The sizes of the bubbles show the number of confirmed COVID-19 cases at that particular location. Small bubbles represent fewer confirmed cases and larger bubbles and vice versa. The underlying heatmap shows the density of confirmed cases cast out in the form of a heatmap.
Heatmaps are a great way of visualizing information and enable one to make a conclusive judgement about a matter without the involvement of many studies. In this exercise, you learned how to create a hotspot map using Leaflet.

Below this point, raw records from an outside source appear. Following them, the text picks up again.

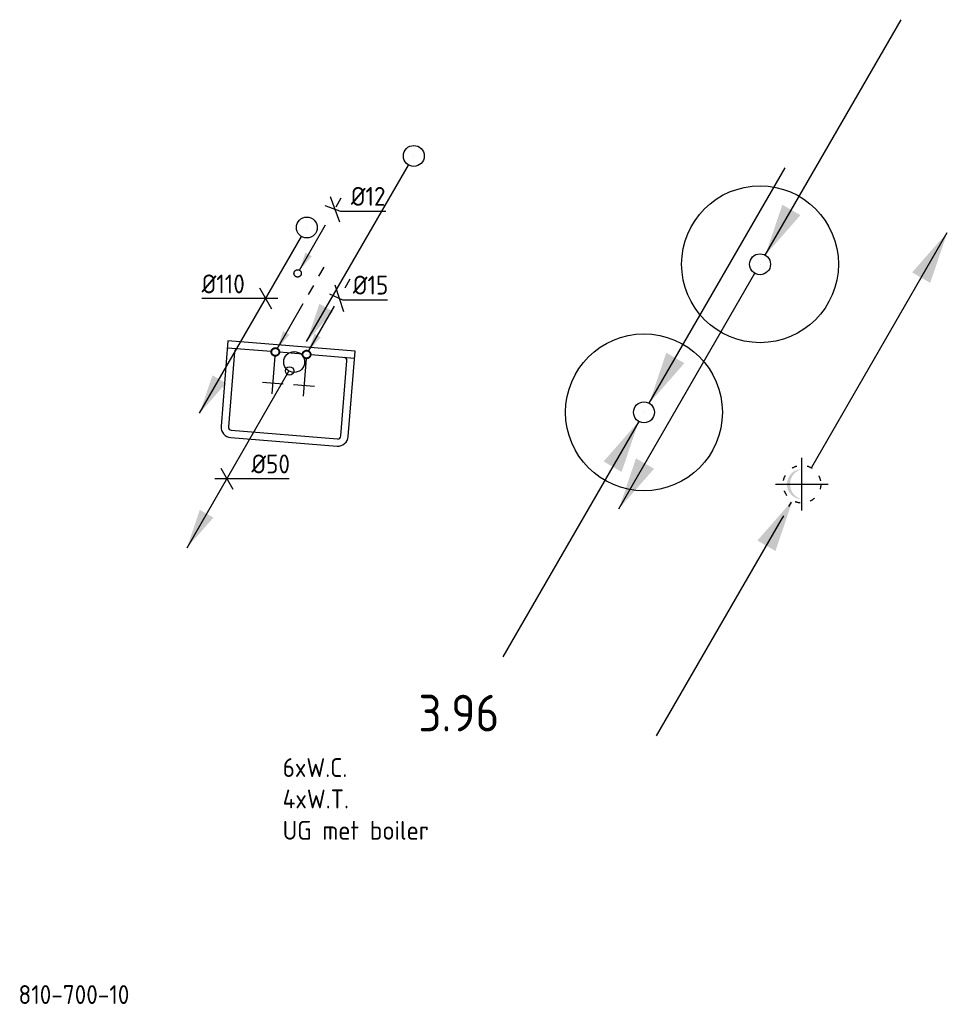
# Model space of a CAD drawing. Header units: millimetres. Extents: x -2687 to 63694, y -1198 to 65068.
# Tile 10 of 13: x 16026 to 20461, y 59711 to 64418. Entities that reach past the tile are written whole.
import ezdxf

# ---------------------------------------------------------------- set-up
doc = ezdxf.new("R2010")
doc.units = ezdxf.units.MM
doc.header["$LTSCALE"] = 50
for name, pattern in [('2322109', [10, 5, -2, 1, -2]), ('2322109_a', [10, 5, -2, 1, -2]), ('2322110', [10, 5, -1, 1, -1, 1, -1]), ('2322110_a', [10, 5, -1, 1, -1, 1, -1]), ('2322121', [2000, 1000, 1000]), ('2322121_a', [2000, 1000, 1000]), ('CENTER2', [28.575, 19.05, -3.175, 3.175, -3.175]), ('SMALL_DASH', [1.5, 0.5, -1])]:
    doc.linetypes.add(name, pattern=pattern)
for name, color, linetype in [('BL$2----', 7, 'Continuous'), ('bTuwkundig', 7, 'Continuous'), ('WL524---', 4, '2322121'), ('WL531---', 5, '2322109'), ('WL532---', 1, '2322110'), ('WL570---_RETOUR_D', 4, 'Continuous'), ('WL570---_RETOUR_HL', 1, 'CENTER2'), ('WL570---_TOEVOER', 3, 'Continuous'), ('WL570---_TOEVOER_D', 3, 'Continuous'), ('WL740---', 4, 'Continuous'), ('WM524---', 1, 'Continuous'), ('WM531---', 1, 'Continuous'), ('WT561---', 7, 'Continuous')]:
    doc.layers.add(name, color=color, linetype=linetype)
doc.styles.add('STABICAD-018', font='ISOCP.SHX', dxfattribs={"height": 90})
doc.styles.add('STABICAD-035', font='ISOCP.SHX', dxfattribs={"height": 175})
doc.styles.get("Standard").update_dxf_attribs({"font": 'arial.ttf'})

# ---------------------------------------------------------------- blocks, each defined once
blk = doc.blocks.new('*U108')
at = {"linetype": '2322121'}
blk.add_hatch(color=2, dxfattribs=at).paths.add_polyline_path([(-512.5, -887.7), (-451.2, -706.5), (-386.3, -744)], flags=0)
at = {"color": 0, "linetype": '2322121'}
blk.add_line((0, 0), (0, 0, 1), dxfattribs=at)
at = {"color": 2, "linetype": '2322121_a'}
blk.add_line((-512.5, -887.7, 1), (-25, -43.3, 1), dxfattribs=at)
at = {"color": 0, "linetype": '2322121'}
blk.add_circle((0, 0, 1), 50, dxfattribs=at)
at = {"color": 2, "linetype": '2322121'}
blk.add_circle((0, 0, 1), 50, dxfattribs=at)
at = {"layer": 'BL$2----', "color": 2}
for tag in ['SECTIONCODE', 'POSITIONCODE']:
    blk.add_attdef(tag, (17398.9, 63574.3, 149), '', height=1.8, dxfattribs=at)
at = {"layer": 'BL$2----', "color": 2, "style": 'STABICAD-018'}
for tag, p in [('CODE', (17398.9, 63524.3, -1)), ('FLOORCODE', (17448.9, 63424.3, -1))]:
    blk.add_attdef(tag, p, '', height=1.8, dxfattribs=at)
blk = doc.blocks.new('*U99')
at = {"linetype": '2322121'}
blk.add_hatch(color=2, dxfattribs=at).paths.add_polyline_path([(-512.5, -887.7), (-451.2, -706.5), (-386.3, -744)], flags=0)
at = {"color": 0, "linetype": '2322121'}
blk.add_line((0, 0), (0, 0, 1), dxfattribs=at)
at = {"color": 2, "linetype": '2322121_a'}
blk.add_line((-512.5, -887.7, 1), (-25, -43.3, 1), dxfattribs=at)
at = {"color": 0, "linetype": '2322121'}
blk.add_circle((0, 0, 1), 50, dxfattribs=at)
at = {"color": 2, "linetype": '2322121'}
blk.add_circle((0, 0, 1), 50, dxfattribs=at)
at = {"layer": 'BL$2----', "color": 2}
for tag in ['SECTIONCODE', 'POSITIONCODE']:
    blk.add_attdef(tag, (7968.6, 64330.9, 149), '', height=1.8, dxfattribs=at)
at = {"layer": 'BL$2----', "color": 2, "style": 'STABICAD-018'}
for tag, p in [('CODE', (7968.6, 64280.9, -1)), ('FLOORCODE', (8018.6, 64180.9, -1))]:
    blk.add_attdef(tag, p, '', height=1.8, dxfattribs=at)
blk = doc.blocks.new('*U106')
at = {"linetype": '2322121'}
blk.add_hatch(color=2, dxfattribs=at).paths.add_polyline_path([(-512.5, -887.7), (-451.2, -706.5), (-386.3, -744)], flags=0)
at = {"color": 0, "linetype": '2322121'}
blk.add_line((0, 0), (0, 0, 1), dxfattribs=at)
at = {"color": 2, "linetype": '2322121_a'}
blk.add_line((-512.5, -887.7, 1), (-25, -43.3, 1), dxfattribs=at)
at = {"color": 0, "linetype": '2322121'}
blk.add_circle((0, 0, 1), 50, dxfattribs=at)
at = {"color": 2, "linetype": '2322121'}
blk.add_circle((0, 0, 1), 50, dxfattribs=at)
at = {"layer": 'BL$2----', "color": 2}
for tag in ['SECTIONCODE', 'POSITIONCODE']:
    blk.add_attdef(tag, (17338.5, 62931.5, 149), '', height=1.8, dxfattribs=at)
at = {"layer": 'BL$2----', "color": 2, "style": 'STABICAD-018'}
for tag, p in [('CODE', (17338.5, 62881.5, -1)), ('FLOORCODE', (17388.5, 62781.5, -1))]:
    blk.add_attdef(tag, p, '', height=1.8, dxfattribs=at)
blk = doc.blocks.new('SA-STRT2-NEST1')
at = {"color": 0, "linetype": 'Continuous'}
for p, q in [((255, 460), (-255, 460)), ((255, 425), (-255, 425)), ((-305, 410), (-305, 0)), ((-270, 410), (-270, 50)), ((270, 50), (270, 410)), ((305, 0), (305, 410)), ((-305, 35), (-95, 35)), ((-305, 0), (305, 0)), ((-55, 35), (55, 35)), ((95, 35), (305, 35))]:
    blk.add_line(p, q, dxfattribs=at)
for centre, radius, start, end in [((-255, 410), 50, 90, 180), ((-255, 410), 15, 90, 180), ((255, 410), 50, 0, 90), ((255, 410), 15, 0, 90), ((-255, 50), 15, 180, 270), ((255, 50), 15, 270, 0)]:
    blk.add_arc(centre, radius, start, end, dxfattribs=at)
at = {"color": 0, "linetype": 'Continuous', "style": 'STABICAD-018', "flags": 1}
blk.add_attdef('SA_MATCODE', (0, 0), '', height=1.8, dxfattribs=at)
blk = doc.blocks.new('SA_SYM049_NO_TAPS')
at = {"linetype": 'Continuous'}
blk.add_blockref('SA-STRT2-NEST1', (0, 0), dxfattribs=at)
blk = doc.blocks.new('*U104')
at = {"color": 0, "linetype": '2322121'}
blk.add_circle((0, 0), 20, dxfattribs=at)
at = {"layer": 'BL$2----', "color": 2}
for tag in ['CODE', 'SECTIONCODE', 'SECTIONCODE2', 'POSITIONCODE', 'POSITIONCODE2']:
    blk.add_attdef(tag, (17316.2, 62738.7, 850), '', height=1.8, dxfattribs=at)
blk = doc.blocks.new('*U126')
at = {"color": 0, "linetype": '2322109'}
blk.add_circle((0, 0), 20, dxfattribs=at)
at = {"layer": 'BL$2----', "color": 2}
for tag in ['CODE', 'CODE2', 'SECTIONCODE', 'INDICATIONTEXT', 'POSITIONCODE', 'LABEL']:
    blk.add_attdef(tag, (17397.7, 62817.4, 1150), '', height=1.2, dxfattribs=at)
at = {"layer": 'BL$2----', "color": 1}
blk.add_attdef('PRODUCTCODE', (17397.7, 62817.4, 1150), '', height=1.8, dxfattribs=at)
blk = doc.blocks.new('*U105')
at = {"color": 0, "linetype": '2322110'}
blk.add_circle((0, 0), 20, dxfattribs=at)
at = {"layer": 'BL$2----', "color": 2}
for tag in ['CODE', 'CODE2', 'SECTIONCODE', 'INDICATIONTEXT', 'POSITIONCODE', 'LABEL']:
    blk.add_attdef(tag, (17248.2, 62829.4, 1150), '', height=1.2, dxfattribs=at)
at = {"layer": 'BL$2----', "color": 1}
blk.add_attdef('PRODUCTCODE', (17248.2, 62829.4, 1150), '', height=1.8, dxfattribs=at)
blk = doc.blocks.new('TAP_SINK03_COLD')
at = {"color": 0, "linetype": 'Continuous'}
for p, q in [((0, 0), (0, 180)), ((-50, 130), (50, 130))]:
    blk.add_line(p, q, dxfattribs=at)
blk = doc.blocks.new('TAP_SINK03_HOT')
at = {"color": 0, "linetype": 'Continuous'}
for p, q in [((0, 0), (0, 180)), ((-50, 130), (50, 130))]:
    blk.add_line(p, q, dxfattribs=at)
blk = doc.blocks.new('*U107')
at = {"color": 0, "linetype": 'Continuous'}
for p, q in [((-28.9, 50), (28.9, -50)), ((-57.7, 0), (67.2, 0)), ((67.2, 0), (297.2, 0))]:
    blk.add_line(p, q, dxfattribs=at)
at = {"color": 0, "linetype": 'Continuous', "style": 'STABICAD-018'}
blk.add_text('%%c50', height=90, dxfattribs=at).set_placement((117.2, 25))
at = {"layer": 'BL$2----', "color": 2}
blk.add_attdef('CODE', (17016.8, 62224.2, -1), '', height=1.8, dxfattribs=at)
blk = doc.blocks.new('*U113')
at = {"color": 0, "linetype": 'Continuous'}
for p, q in [((28.9, -50), (-28.9, 50)), ((-49.7, 0), (-306.8, 0)), ((57.7, 0), (-49.7, 0))]:
    blk.add_line(p, q, dxfattribs=at)
at = {"color": 0, "linetype": 'Continuous', "style": 'STABICAD-018'}
blk.add_text('%%c110', height=90, dxfattribs=at).set_placement((-306.8, 25))
at = {"layer": 'BL$2----', "color": 2}
blk.add_attdef('CODE', (17202.9, 63084.8, -1), '', height=1.8, dxfattribs=at)
blk = doc.blocks.new('*U123')
at = {"linetype": '2322109'}
blk.add_hatch(color=2, dxfattribs=at).paths.add_polyline_path([(8.8, 15.2), (37.3, 99.7), (67.7, 82.2)], flags=0)
at = {"color": 2, "linetype": '2322109_a'}
blk.add_line((8.8, 15.2, 3000), (236.2, 409.2, 3000), dxfattribs=at)
at = {"color": 0, "linetype": '2322109'}
blk.add_line((0, 0), (0, 0, 3000), dxfattribs=at)
at = {"color": 2, "linetype": '2322109'}
blk.add_circle((0, 0, 3000), 17.5, dxfattribs=at)
at = {"layer": 'BL$2----', "color": 2}
for tag in ['SECTIONCODE', 'POSITIONCODE']:
    blk.add_attdef(tag, (6033.9, 64403.6, 1499.5), '', height=1.2, dxfattribs=at)
at = {"layer": 'BL$2----', "color": 2, "style": 'STABICAD-018'}
for tag, p in [('CODE', (6033.9, 64353.6)), ('FLOORCODE', (6083.9, 64253.6))]:
    blk.add_attdef(tag, p, '', height=1.2, dxfattribs=at)
blk = doc.blocks.new('*U129')
at = {"linetype": '2322109'}
blk.add_hatch(color=2, dxfattribs=at).paths.add_polyline_path([(8.8, 15.2), (37.3, 99.7), (67.7, 82.2)], flags=0)
at = {"color": 2, "linetype": '2322109_a'}
blk.add_line((8.8, 15.2, 3000), (236.2, 409.2, 3000), dxfattribs=at)
at = {"color": 0, "linetype": '2322109'}
blk.add_line((0, 0), (0, 0, 3000), dxfattribs=at)
at = {"color": 2, "linetype": '2322109'}
blk.add_circle((0, 0, 3000), 17.5, dxfattribs=at)
at = {"layer": 'BL$2----', "color": 2}
for tag in ['SECTIONCODE', 'POSITIONCODE']:
    blk.add_attdef(tag, (17397.7, 62967.4, 2649.5), '', height=1.2, dxfattribs=at)
at = {"layer": 'BL$2----', "color": 2, "style": 'STABICAD-018'}
for tag, p in [('CODE', (17397.7, 62917.4, 1150)), ('FLOORCODE', (17447.7, 62817.4, 1150))]:
    blk.add_attdef(tag, p, '', height=1.2, dxfattribs=at)
blk = doc.blocks.new('*U130')
at = {"linetype": '2322110'}
blk.add_hatch(color=2, dxfattribs=at).paths.add_polyline_path([(8.8, 15.2), (37.3, 99.7), (67.7, 82.2)], flags=0)
at = {"color": 2, "linetype": '2322110_a'}
blk.add_line((8.8, 15.2, 3000), (236.2, 409.2, 3000), dxfattribs=at)
at = {"color": 0, "linetype": '2322110'}
blk.add_line((0, 0), (0, 0, 3000), dxfattribs=at)
at = {"color": 2, "linetype": '2322110'}
blk.add_circle((0, 0, 3000), 17.5, dxfattribs=at)
at = {"layer": 'BL$2----', "color": 2}
for tag in ['SECTIONCODE', 'POSITIONCODE']:
    blk.add_attdef(tag, (17248.2, 62979.4, 1499.5), '', height=1.2, dxfattribs=at)
at = {"layer": 'BL$2----', "color": 2, "style": 'STABICAD-018'}
for tag, p in [('CODE', (17248.2, 62929.4)), ('FLOORCODE', (17298.2, 62829.4))]:
    blk.add_attdef(tag, p, '', height=1.2, dxfattribs=at)
blk = doc.blocks.new('*U138')
at = {"color": 0, "linetype": 'Continuous'}
for p, q in [((-20.8, 64), (20.8, -64)), ((-45.9, 20.5), (16, -7.2)), ((16, -7.2), (231.8, -7.2))]:
    blk.add_line(p, q, dxfattribs=at)
at = {"color": 0, "linetype": 'Continuous', "style": 'STABICAD-018'}
blk.add_text('%%c15', height=90, dxfattribs=at).set_placement((66, 17.8))
at = {"layer": 'BL$2----', "color": 2}
blk.add_attdef('CODE', (17553, 63086.3, 1150), '', height=1.2, dxfattribs=at)
blk = doc.blocks.new('*U139')
at = {"color": 0, "linetype": 'Continuous'}
for p, q in [((-22.7, 60.7), (22.7, -60.7)), ((-48.1, 16.6), (26.9, -9.3)), ((26.9, -9.3), (244.3, -9.3))]:
    blk.add_line(p, q, dxfattribs=at)
at = {"color": 0, "linetype": 'Continuous', "style": 'STABICAD-018'}
blk.add_text('%%c12', height=90, dxfattribs=at).set_placement((76.9, 15.7))
at = {"layer": 'BL$2----', "color": 2}
blk.add_attdef('CODE', (17532.6, 63512.6), '', height=1.2, dxfattribs=at)
blk = doc.blocks.new('*U161')
at = {"linetype": 'Continuous'}
for points in [[(25, 43.3), (106.7, 284.8), (193.3, 234.8)], [(-675, -1169.1), (-593.3, -927.6), (-506.7, -977.6)]]:
    blk.add_hatch(color=2, dxfattribs=at).paths.add_polyline_path(points, flags=0)
at = {"color": 2, "linetype": 'Continuous'}
for p, q in [((25, 43.3, 3000), (675, 1169.1, 3000)), ((-675, -1169.1, 3000), (-25, -43.3, 3000))]:
    blk.add_line(p, q, dxfattribs=at)
at = {"color": 0, "linetype": 'Continuous'}
blk.add_line((0, 0), (0, 0, 3000), dxfattribs=at)
blk.add_circle((0, 0, 3000), 50, dxfattribs=at)
at = {"color": 2, "linetype": 'Continuous'}
blk.add_circle((0, 0, 3000), 50, dxfattribs=at)
at = {"layer": 'WL570---_TOEVOER_D', "color": 2, "style": 'STABICAD-018'}
for tag, p in [('SECTIONCODE', (19566, 63398.7, 1499.5)), ('POSITIONCODE', (19566, 63398.7, 1499.5)), ('CODE', (19566, 63348.7)), ('FLOORCODE', (19616, 63248.7))]:
    blk.add_attdef(tag, p, '', height=1.8, dxfattribs=at)
blk = doc.blocks.new('*U160')
at = {"linetype": 'Continuous'}
for points in [[(25, 43.3), (106.7, 284.8), (193.3, 234.8)], [(-25, -43.3), (-106.7, -284.8), (-193.3, -234.8)]]:
    blk.add_hatch(color=2, dxfattribs=at).paths.add_polyline_path(points, flags=0)
at = {"color": 2, "linetype": 'Continuous'}
for p, q in [((25, 43.3, 3000), (675, 1169.1, 3000)), ((-25, -43.3, 3000), (-675, -1169.1, 3000))]:
    blk.add_line(p, q, dxfattribs=at)
at = {"color": 0, "linetype": 'Continuous'}
blk.add_line((0, 0), (0, 0, 3000), dxfattribs=at)
blk.add_circle((0, 0, 3000), 50, dxfattribs=at)
at = {"color": 2, "linetype": 'Continuous'}
blk.add_circle((0, 0, 3000), 50, dxfattribs=at)
at = {"layer": 'WL570---_TOEVOER_D', "color": 2, "style": 'STABICAD-018'}
for tag, p in [('SECTIONCODE', (19011, 62690.9, 1499.5)), ('POSITIONCODE', (19011, 62690.9, 1499.5)), ('CODE', (19011, 62640.9)), ('FLOORCODE', (19061, 62540.9))]:
    blk.add_attdef(tag, p, '', height=1.8, dxfattribs=at)
blk = doc.blocks.new('*U162')
at = {"linetype": 'Continuous'}
for points in [[(695, 1203.8), (613.3, 962.3), (526.7, 1012.3)], [(-45, -77.9), (-126.7, -319.4), (-213.3, -269.4)]]:
    blk.add_hatch(color=2, dxfattribs=at).paths.add_polyline_path(points, flags=0)
blk.add_hatch(color=0, dxfattribs=at).paths.add_polyline_path([(0, -72), (-14.3, -70.6), (-28, -66.3), (-40.7, -59.4), (-51.6, -50.2), (-60.6, -38.9), (-67.1, -26.1), (-71, -12.2), (-72, 2.1), (-70.1, 16.4), (-65.5, 30), (-58.2, 42.4), (-48.6, 53.1), (-37.1, 61.7), (-24.1, 67.8), (-10.2, 71.3), (0, 72), (-0.4, 71.9), (-14.3, 67), (-27, 59.4), (-37.9, 49.5), (-46.7, 37.6), (-52.9, 24.1), (-56.3, 9.8), (-56.7, -5), (-54.3, -19.6), (-49, -33.4), (-41, -45.8), (-30.8, -56.5), (-18.6, -64.8), (-5, -70.6), (-0.4, -71.9)], is_closed=False, flags=0)
at = {"color": 2, "linetype": 'Continuous'}
for p, q in [((46.5, 80.5), (695, 1203.8)), ((-695, -1203.8), (-99.6, -172.5))]:
    blk.add_line(p, q, dxfattribs=at)
at = {"color": 2, "linetype": 'SMALL_DASH'}
for p, q in [((45, 77.9), (46.5, 80.5)), ((-99.6, -172.5), (-45, -77.9))]:
    blk.add_line(p, q, dxfattribs=at)
blk.add_circle((0, 0), 90, dxfattribs=at)
at = {"layer": 'WL570---_RETOUR_HL', "linetype": 'CENTER2'}
for p, q in [((0, -126, 3000), (0, 126, 3000)), ((-126, 0, 3000), (126, 0, 3000))]:
    blk.add_line(p, q, dxfattribs=at)
blk.add_circle((0, 0), 0.0125, dxfattribs=at)
at = {"layer": 'WL570---_TOEVOER_D', "color": 2, "style": 'STABICAD-018'}
for tag, p in [('SECTIONCODE', (19766.5, 62347.5, 1499.5)), ('POSITIONCODE', (19766.5, 62347.5, 1499.5)), ('CODE', (19766.5, 62297.5)), ('FLOORCODE', (19816.5, 62197.5))]:
    blk.add_attdef(tag, p, '', height=1.8, dxfattribs=at)

msp = doc.modelspace()

# ---------------------------------------------------------------- linework, layer by layer
at = {"layer": 'WL570---_RETOUR_D', "linetype": 'Continuous'}
msp.add_circle((19011, 62540.9), 375, dxfattribs=at)
at = {"layer": 'WL570---_TOEVOER_D'}
msp.add_circle((19566, 63248.7), 375, dxfattribs=at)

# ---------------------------------------------------------------- block references
at = {"layer": 'WL524---', "linetype": '2322121'}
for name, p in [('*U99', (17910.5, 63766.4, -1)), ('*U108', (17398.9, 63424.3, -1)), ('*U106', (17338.5, 62781.5, -1)), ('*U104', (17316.2, 62738.7, 850))]:
    msp.add_blockref(name, p, dxfattribs=at)
at = {"layer": 'WL531---', "linetype": '2322109'}
for name, p in [('*U123', (17355, 63205)), ('*U129', (17397.7, 62817.4, 1150)), ('*U126', (17397.7, 62817.4, 1150))]:
    msp.add_blockref(name, p, dxfattribs=at)
at = {"layer": 'WL531---', "color": 2, "linetype": '2322109', "rotation": 175.4126559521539}
msp.add_blockref('TAP_SINK03_COLD', (17396.1, 62797.5, 950), dxfattribs=at)
at = {"layer": 'WL532---', "linetype": '2322110'}
for name, p in [('*U130', (17248.2, 62829.4)), ('*U105', (17248.2, 62829.4, 1150))]:
    msp.add_blockref(name, p, dxfattribs=at)
at = {"layer": 'WL532---', "color": 2, "linetype": '2322110', "rotation": 175.4126559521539}
msp.add_blockref('TAP_SINK03_HOT', (17246.6, 62809.5, 950), dxfattribs=at)
at = {"layer": 'WL570---_RETOUR_D', "linetype": 'Continuous'}
msp.add_blockref('*U162', (19766.5, 62197.5), dxfattribs=at)
at = {"layer": 'WL570---_TOEVOER', "linetype": 'Continuous'}
for name, p in [('*U161', (19566, 63248.7)), ('*U160', (19011, 62540.9))]:
    msp.add_blockref(name, p, dxfattribs=at)
at = {"layer": 'WL740---', "linetype": 'Continuous', "rotation": 175.4126559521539}
msp.add_blockref('SA_SYM049_NO_TAPS', (17325.8, 62858.3, 950), dxfattribs=at)
at = {"layer": 'WM524---', "linetype": 'Continuous'}
for name, p in [('*U113', (17202.9, 63084.8, -1)), ('*U107', (17016.8, 62224.2, -1))]:
    msp.add_blockref(name, p, dxfattribs=at)
at = {"layer": 'WM531---', "linetype": 'Continuous'}
for name, p in [('*U139', (17532.6, 63512.6)), ('*U138', (17553, 63086.3, 1150))]:
    msp.add_blockref(name, p, dxfattribs=at)

# ---------------------------------------------------------------- texts
at = {"layer": 'bTuwkundig', "color": 3, "style": 'STABICAD-035'}
msp.add_text('3.96', height=175, dxfattribs=at).set_placement((17932.6, 61015.7, -500))
at = {"layer": 'WL740---', "insert": (17283.2, 60887.8), "char_height": 90, "attachment_point": 1, "style": 'STABICAD-018'}
msp.add_mtext_dynamic_manual_height_columns('6xW.C.\\P4xW.T.\\PUG met boiler', width=2317.401, gutter_width=450, heights=[0], dxfattribs=at)
at = {"layer": 'WT561---', "color": 1, "style": 'STABICAD-018'}
msp.add_text('810-700-10', height=90, dxfattribs=at).set_placement((16020.2, 59712.6))

doc.saveas('drawing.dxf')

After that, we created a heatmap by following a series of steps that involved get_stamen, ggmap and ggplot. Our final map was a combination of a heatmap and a hotspot map, thus providing a plethora of information not just on the density of cases (the underlying heatmap), but also on the quantity of the confirmed cases per location as the bubblesizes show (the overlying bubbles). Heatmaps are easy to understand, but making them is far from easy. You end up feeling the heat. Like you did here.